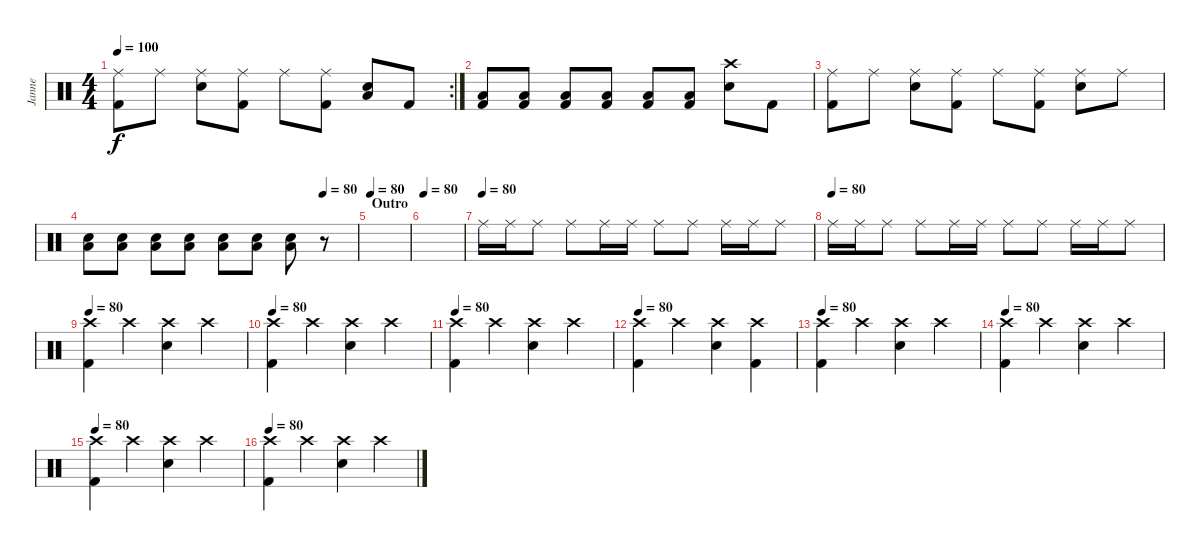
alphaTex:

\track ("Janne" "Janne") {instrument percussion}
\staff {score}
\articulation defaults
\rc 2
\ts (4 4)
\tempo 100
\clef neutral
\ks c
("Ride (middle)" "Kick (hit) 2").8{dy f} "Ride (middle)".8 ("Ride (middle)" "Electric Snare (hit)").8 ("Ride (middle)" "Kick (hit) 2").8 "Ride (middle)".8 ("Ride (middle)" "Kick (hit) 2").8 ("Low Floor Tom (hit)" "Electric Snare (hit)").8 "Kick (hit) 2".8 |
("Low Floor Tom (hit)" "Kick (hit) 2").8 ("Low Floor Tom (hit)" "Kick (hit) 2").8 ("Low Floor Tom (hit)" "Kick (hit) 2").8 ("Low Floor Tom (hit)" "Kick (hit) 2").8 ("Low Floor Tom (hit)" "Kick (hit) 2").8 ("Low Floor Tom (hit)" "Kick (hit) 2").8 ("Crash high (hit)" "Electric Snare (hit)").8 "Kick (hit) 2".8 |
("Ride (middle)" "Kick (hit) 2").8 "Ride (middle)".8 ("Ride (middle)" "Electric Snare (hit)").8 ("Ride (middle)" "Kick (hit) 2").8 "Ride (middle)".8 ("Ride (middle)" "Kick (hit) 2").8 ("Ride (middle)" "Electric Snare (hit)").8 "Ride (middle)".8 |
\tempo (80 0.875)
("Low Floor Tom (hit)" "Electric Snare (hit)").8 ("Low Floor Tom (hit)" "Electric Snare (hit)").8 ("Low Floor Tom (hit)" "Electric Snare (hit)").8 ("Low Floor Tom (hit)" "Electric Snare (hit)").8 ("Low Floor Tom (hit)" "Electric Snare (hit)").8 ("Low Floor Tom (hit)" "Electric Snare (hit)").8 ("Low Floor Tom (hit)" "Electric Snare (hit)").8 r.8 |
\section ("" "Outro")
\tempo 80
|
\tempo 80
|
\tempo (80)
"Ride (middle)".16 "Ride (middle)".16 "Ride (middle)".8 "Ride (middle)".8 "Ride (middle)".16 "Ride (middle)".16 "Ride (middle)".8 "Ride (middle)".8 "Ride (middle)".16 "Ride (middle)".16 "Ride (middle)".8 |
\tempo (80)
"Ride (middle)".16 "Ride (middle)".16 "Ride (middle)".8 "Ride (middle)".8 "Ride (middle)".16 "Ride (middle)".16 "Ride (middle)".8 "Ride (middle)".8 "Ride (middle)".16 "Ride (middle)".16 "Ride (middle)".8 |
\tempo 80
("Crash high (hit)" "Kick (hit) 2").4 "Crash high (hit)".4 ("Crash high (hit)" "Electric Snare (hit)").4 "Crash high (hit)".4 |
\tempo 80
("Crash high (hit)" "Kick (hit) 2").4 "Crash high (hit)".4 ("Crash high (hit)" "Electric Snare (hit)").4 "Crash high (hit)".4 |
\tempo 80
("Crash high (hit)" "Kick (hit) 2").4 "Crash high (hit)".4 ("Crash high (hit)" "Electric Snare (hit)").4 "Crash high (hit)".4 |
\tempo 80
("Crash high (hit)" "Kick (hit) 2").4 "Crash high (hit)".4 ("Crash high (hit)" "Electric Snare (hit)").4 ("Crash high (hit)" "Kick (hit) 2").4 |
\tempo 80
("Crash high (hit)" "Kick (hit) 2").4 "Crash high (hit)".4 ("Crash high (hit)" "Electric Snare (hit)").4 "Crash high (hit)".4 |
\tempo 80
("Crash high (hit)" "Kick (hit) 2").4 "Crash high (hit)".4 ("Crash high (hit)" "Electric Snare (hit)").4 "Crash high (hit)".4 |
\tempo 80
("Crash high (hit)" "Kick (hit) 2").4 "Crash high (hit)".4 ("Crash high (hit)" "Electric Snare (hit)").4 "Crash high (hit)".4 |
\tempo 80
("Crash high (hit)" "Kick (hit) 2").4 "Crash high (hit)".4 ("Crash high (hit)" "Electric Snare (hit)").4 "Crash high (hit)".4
──────
- Problem statement
Hand back every line of the material, exactly, without the pictures.

- Your solution
alphaTex:

\track ("Janne" "Janne") {instrument percussion}
\staff {score}
\articulation defaults
\rc 2
\ts (4 4)
\tempo 100
\clef neutral
\ks c
("Ride (middle)" "Kick (hit) 2").8{dy f} "Ride (middle)".8 ("Ride (middle)" "Electric Snare (hit)").8 ("Ride (middle)" "Kick (hit) 2").8 "Ride (middle)".8 ("Ride (middle)" "Kick (hit) 2").8 ("Low Floor Tom (hit)" "Electric Snare (hit)").8 "Kick (hit) 2".8 |
("Low Floor Tom (hit)" "Kick (hit) 2").8 ("Low Floor Tom (hit)" "Kick (hit) 2").8 ("Low Floor Tom (hit)" "Kick (hit) 2").8 ("Low Floor Tom (hit)" "Kick (hit) 2").8 ("Low Floor Tom (hit)" "Kick (hit) 2").8 ("Low Floor Tom (hit)" "Kick (hit) 2").8 ("Crash high (hit)" "Electric Snare (hit)").8 "Kick (hit) 2".8 |
("Ride (middle)" "Kick (hit) 2").8 "Ride (middle)".8 ("Ride (middle)" "Electric Snare (hit)").8 ("Ride (middle)" "Kick (hit) 2").8 "Ride (middle)".8 ("Ride (middle)" "Kick (hit) 2").8 ("Ride (middle)" "Electric Snare (hit)").8 "Ride (middle)".8 |
\tempo (80 0.875)
("Low Floor Tom (hit)" "Electric Snare (hit)").8 ("Low Floor Tom (hit)" "Electric Snare (hit)").8 ("Low Floor Tom (hit)" "Electric Snare (hit)").8 ("Low Floor Tom (hit)" "Electric Snare (hit)").8 ("Low Floor Tom (hit)" "Electric Snare (hit)").8 ("Low Floor Tom (hit)" "Electric Snare (hit)").8 ("Low Floor Tom (hit)" "Electric Snare (hit)").8 r.8 |
\section ("" "Outro")
\tempo 80
|
\tempo 80
|
\tempo (80)
"Ride (middle)".16 "Ride (middle)".16 "Ride (middle)".8 "Ride (middle)".8 "Ride (middle)".16 "Ride (middle)".16 "Ride (middle)".8 "Ride (middle)".8 "Ride (middle)".16 "Ride (middle)".16 "Ride (middle)".8 |
\tempo (80)
"Ride (middle)".16 "Ride (middle)".16 "Ride (middle)".8 "Ride (middle)".8 "Ride (middle)".16 "Ride (middle)".16 "Ride (middle)".8 "Ride (middle)".8 "Ride (middle)".16 "Ride (middle)".16 "Ride (middle)".8 |
\tempo 80
("Crash high (hit)" "Kick (hit) 2").4 "Crash high (hit)".4 ("Crash high (hit)" "Electric Snare (hit)").4 "Crash high (hit)".4 |
\tempo 80
("Crash high (hit)" "Kick (hit) 2").4 "Crash high (hit)".4 ("Crash high (hit)" "Electric Snare (hit)").4 "Crash high (hit)".4 |
\tempo 80
("Crash high (hit)" "Kick (hit) 2").4 "Crash high (hit)".4 ("Crash high (hit)" "Electric Snare (hit)").4 "Crash high (hit)".4 |
\tempo 80
("Crash high (hit)" "Kick (hit) 2").4 "Crash high (hit)".4 ("Crash high (hit)" "Electric Snare (hit)").4 ("Crash high (hit)" "Kick (hit) 2").4 |
\tempo 80
("Crash high (hit)" "Kick (hit) 2").4 "Crash high (hit)".4 ("Crash high (hit)" "Electric Snare (hit)").4 "Crash high (hit)".4 |
\tempo 80
("Crash high (hit)" "Kick (hit) 2").4 "Crash high (hit)".4 ("Crash high (hit)" "Electric Snare (hit)").4 "Crash high (hit)".4 |
\tempo 80
("Crash high (hit)" "Kick (hit) 2").4 "Crash high (hit)".4 ("Crash high (hit)" "Electric Snare (hit)").4 "Crash high (hit)".4 |
\tempo 80
("Crash high (hit)" "Kick (hit) 2").4 "Crash high (hit)".4 ("Crash high (hit)" "Electric Snare (hit)").4 "Crash high (hit)".4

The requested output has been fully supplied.